Oscar season is when I briefly convince myself that reading Variety over coffee and skimming the New York Times arts section at night qualifies as rigorous film scholarship. For a few weeks each year, I develop confident opinions about categories I forgot existed the previous spring, casually reference “industry buzz,” and begin sentences with “it feels like…” — awards-season shorthand for “I have absolutely no proof, but I am emotionally invested.”
Part of this confidence comes from experience. For roughly the past fifteen years, Oscar Sunday hasn’t meant sitting on the couch with snacks and a ballot. It has meant working — watching red-carpet arrivals in real time, producing coverage as winners are announced, and helping feed the bottomless appetite for Oscars content across ABC7NY.com and the wider ABC Owned Television Stations. After enough ceremonies spent toggling between live feeds, social-media spikes, and last-second headline rewrites, you begin to believe you understand how the night unfolds. Or at least you learn how to project calm while quietly bracing for the unexpected.
Those years also come with memories that make it difficult to treat the Oscars as a purely dignified cultural institution. There was the night the broadcast veered into live-television infamy when Will Smith walked onstage and smacked Chris Rock — a moment that turned a relatively boring ceremony into a breaking-news event heard around the world. There was the unforgettable envelope mix-up in 2017, when La La Land briefly won Best Picture before graciously, and somewhat publicly, returning the trophy to Moonlight. And of course, there was Ellen DeGeneres’s 2014 selfie — perhaps the most efficient demonstration in history of how Hollywood glamour and smartphone logistics can collide.
My cinematic worldview, however, was formed long before I was filing Oscars stories on deadline. I grew up on Disney, which probably explains my enduring faith in orchestral swells and emotional clarity. Pixar later deepened the imprint by making me cry over toys, robots, and, on one memorable occasion, real estate. My favorite film of all time remains Casablanca, a movie so elegantly constructed it makes modern plotting feel like it was completed during a lunch break. Paul Newman is still my favorite actor — effortless, intelligent, impossibly cool — though George Clooney in Michael Clayton came dangerously close to redefining what a perfectly calibrated movie performance looks like. And Katharine Hepburn remains the gold standard, proof that wit and authority never go out of style.
All of which is to say: my Oscar picks arrive with both passion and baggage.
This year I managed to see all but one of the Best Picture nominees, an accomplishment I intend to reference casually for the foreseeable future. I also saw exactly one of the short films — The Singers, which is genuinely worth seeking out and, more importantly, allows me to speak with suspicious confidence about a category where most people are bluffing.

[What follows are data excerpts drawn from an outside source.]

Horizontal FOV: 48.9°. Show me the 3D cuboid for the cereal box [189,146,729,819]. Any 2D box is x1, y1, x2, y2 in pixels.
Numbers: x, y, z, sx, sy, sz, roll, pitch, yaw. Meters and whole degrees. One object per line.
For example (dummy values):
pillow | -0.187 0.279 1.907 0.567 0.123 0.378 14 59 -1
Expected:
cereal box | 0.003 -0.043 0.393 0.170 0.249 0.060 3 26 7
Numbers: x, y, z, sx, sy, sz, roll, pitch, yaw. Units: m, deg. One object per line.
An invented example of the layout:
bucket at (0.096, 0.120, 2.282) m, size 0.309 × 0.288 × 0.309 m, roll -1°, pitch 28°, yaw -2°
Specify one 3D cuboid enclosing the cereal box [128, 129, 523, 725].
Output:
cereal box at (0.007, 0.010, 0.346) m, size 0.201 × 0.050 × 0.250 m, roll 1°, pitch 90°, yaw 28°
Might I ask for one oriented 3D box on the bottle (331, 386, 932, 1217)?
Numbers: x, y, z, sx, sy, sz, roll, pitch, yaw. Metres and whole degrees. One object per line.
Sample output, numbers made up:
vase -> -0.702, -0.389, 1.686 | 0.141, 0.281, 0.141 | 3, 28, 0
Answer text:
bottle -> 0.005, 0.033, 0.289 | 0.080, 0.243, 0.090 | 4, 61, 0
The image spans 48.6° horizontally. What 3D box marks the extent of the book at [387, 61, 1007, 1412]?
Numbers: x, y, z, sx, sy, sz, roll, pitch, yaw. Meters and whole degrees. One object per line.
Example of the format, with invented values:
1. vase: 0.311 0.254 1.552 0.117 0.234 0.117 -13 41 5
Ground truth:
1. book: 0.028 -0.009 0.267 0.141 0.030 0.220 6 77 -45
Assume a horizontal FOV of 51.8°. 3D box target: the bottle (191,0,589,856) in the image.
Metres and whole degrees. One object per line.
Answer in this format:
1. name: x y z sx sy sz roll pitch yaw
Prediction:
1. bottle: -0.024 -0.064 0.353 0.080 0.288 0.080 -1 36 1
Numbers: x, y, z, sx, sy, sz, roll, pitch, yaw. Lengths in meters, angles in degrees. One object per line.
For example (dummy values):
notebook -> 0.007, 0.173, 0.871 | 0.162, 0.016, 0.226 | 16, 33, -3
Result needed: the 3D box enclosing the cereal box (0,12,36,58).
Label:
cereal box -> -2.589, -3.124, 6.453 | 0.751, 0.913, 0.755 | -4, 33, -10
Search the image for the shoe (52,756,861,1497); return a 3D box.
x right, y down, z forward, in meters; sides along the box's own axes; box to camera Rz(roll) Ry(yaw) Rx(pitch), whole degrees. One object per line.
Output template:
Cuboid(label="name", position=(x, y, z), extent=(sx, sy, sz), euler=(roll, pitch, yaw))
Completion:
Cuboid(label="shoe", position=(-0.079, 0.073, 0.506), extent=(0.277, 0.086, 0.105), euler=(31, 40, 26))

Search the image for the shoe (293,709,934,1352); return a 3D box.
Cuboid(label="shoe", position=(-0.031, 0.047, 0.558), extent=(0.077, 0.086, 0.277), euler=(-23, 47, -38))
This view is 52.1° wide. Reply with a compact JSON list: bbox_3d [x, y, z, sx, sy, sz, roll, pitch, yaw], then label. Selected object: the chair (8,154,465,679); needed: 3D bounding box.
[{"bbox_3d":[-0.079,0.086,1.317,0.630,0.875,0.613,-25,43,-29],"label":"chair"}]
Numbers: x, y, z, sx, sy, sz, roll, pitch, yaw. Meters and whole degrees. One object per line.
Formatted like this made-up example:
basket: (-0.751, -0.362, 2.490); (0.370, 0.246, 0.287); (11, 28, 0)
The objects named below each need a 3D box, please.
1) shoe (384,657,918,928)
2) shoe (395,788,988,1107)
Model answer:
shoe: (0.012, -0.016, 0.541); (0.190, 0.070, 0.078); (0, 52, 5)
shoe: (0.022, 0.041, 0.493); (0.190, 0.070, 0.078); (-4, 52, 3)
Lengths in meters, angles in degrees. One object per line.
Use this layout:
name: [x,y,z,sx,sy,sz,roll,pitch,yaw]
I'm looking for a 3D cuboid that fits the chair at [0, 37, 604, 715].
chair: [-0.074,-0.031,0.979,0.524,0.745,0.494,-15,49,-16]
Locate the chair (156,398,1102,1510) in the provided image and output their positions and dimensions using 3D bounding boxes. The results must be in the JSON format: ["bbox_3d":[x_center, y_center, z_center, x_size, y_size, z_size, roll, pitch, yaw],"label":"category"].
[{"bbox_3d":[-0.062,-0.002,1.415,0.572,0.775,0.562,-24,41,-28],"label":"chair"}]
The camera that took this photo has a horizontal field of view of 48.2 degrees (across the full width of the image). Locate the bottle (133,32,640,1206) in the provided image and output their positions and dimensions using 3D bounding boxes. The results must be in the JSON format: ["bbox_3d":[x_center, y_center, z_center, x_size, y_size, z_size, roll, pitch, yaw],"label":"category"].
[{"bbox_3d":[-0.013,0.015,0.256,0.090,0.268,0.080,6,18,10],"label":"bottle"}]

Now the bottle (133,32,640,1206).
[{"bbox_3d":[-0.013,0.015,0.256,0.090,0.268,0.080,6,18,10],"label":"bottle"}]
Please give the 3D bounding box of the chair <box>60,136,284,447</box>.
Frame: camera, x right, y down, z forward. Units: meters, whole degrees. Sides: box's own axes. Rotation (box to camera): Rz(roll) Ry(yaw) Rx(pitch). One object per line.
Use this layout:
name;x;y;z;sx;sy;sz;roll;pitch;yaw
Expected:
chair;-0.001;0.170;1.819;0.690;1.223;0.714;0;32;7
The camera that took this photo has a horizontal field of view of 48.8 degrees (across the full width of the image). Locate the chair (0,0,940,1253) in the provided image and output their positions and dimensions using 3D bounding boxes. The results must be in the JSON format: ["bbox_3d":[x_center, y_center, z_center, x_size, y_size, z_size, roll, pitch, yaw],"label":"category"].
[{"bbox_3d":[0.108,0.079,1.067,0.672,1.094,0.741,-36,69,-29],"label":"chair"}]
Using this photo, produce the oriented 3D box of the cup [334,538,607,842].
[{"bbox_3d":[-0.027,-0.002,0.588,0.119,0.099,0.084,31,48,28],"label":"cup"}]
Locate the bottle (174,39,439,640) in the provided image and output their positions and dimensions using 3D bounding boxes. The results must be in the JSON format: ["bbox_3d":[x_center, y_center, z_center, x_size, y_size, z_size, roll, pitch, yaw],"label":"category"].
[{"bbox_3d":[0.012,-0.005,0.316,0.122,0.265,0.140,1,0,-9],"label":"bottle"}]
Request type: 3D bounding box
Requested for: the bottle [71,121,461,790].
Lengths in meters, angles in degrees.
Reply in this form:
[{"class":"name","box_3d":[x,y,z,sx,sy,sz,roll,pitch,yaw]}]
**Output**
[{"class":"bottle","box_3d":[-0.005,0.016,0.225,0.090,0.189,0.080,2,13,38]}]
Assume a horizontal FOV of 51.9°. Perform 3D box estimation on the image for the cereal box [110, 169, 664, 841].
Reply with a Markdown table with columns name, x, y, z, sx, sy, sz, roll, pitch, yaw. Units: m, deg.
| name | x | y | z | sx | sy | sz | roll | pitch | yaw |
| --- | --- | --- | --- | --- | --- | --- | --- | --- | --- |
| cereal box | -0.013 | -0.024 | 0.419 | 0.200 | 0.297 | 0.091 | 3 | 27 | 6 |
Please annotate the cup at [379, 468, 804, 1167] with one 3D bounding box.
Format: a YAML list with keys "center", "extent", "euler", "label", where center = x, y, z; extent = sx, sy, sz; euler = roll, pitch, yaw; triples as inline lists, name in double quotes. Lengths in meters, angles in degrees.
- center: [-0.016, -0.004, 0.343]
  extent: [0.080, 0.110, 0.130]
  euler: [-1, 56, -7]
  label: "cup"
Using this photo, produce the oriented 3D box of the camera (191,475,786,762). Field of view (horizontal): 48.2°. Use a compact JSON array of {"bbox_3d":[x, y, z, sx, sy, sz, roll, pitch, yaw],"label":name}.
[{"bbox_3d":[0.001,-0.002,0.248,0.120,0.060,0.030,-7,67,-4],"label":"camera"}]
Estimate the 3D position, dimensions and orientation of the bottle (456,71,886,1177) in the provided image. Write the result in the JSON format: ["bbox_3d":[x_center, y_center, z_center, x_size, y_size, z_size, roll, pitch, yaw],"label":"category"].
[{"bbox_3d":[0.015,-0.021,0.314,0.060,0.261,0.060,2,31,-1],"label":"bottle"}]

If I’m being completely honest, none of this year’s Best Picture nominees truly floored me. I admired elements, respected the ambition, occasionally enjoyed myself — but I never quite experienced that rare electric jolt that makes you feel you’re watching something you’ll carry around for decades. Personal taste and strategic prediction don’t always align. I didn’t particularly care for Sinners, yet Michael B. Jordan’s performance feels impossible to ignore. Sometimes you simply have to respect the craft even when the movie itself leaves you unmoved. Sean Penn, meanwhile, appears to have delivered the kind of supporting performance that arrives pre-packaged with historical significance — the sort that inspires solemn nodding and decisive ballot marking.
That same film, One Battle After Another, was one of the year’s more satisfying surprises for me: ambitious without being exhausting, confident without being self-important. Watching it steadily accumulate awards-season victories has felt less like suspense and more like observing a well-organized transfer of power.
The best actress race offers a gentler internal conflict. I was genuinely charmed by Kate Hudson in Song Sung Blue, a reminder that movie-star magnetism remains both real and undervalued. But Jessie Buckley’s dominance this season has been so overwhelming that resisting her now would feel less like independent thinking and more like arguing with gravity.
And so, after months of watching, reading, overanalyzing, and filling out prediction grids with the seriousness of a tax return, I arrive at the same conclusion as much of the industry. When the final envelope is opened, the night will likely belong to One Battle After Another — a title that doubles as an apt description of awards season itself: a long, suspenseful march toward an outcome we all pretend to be surprised by.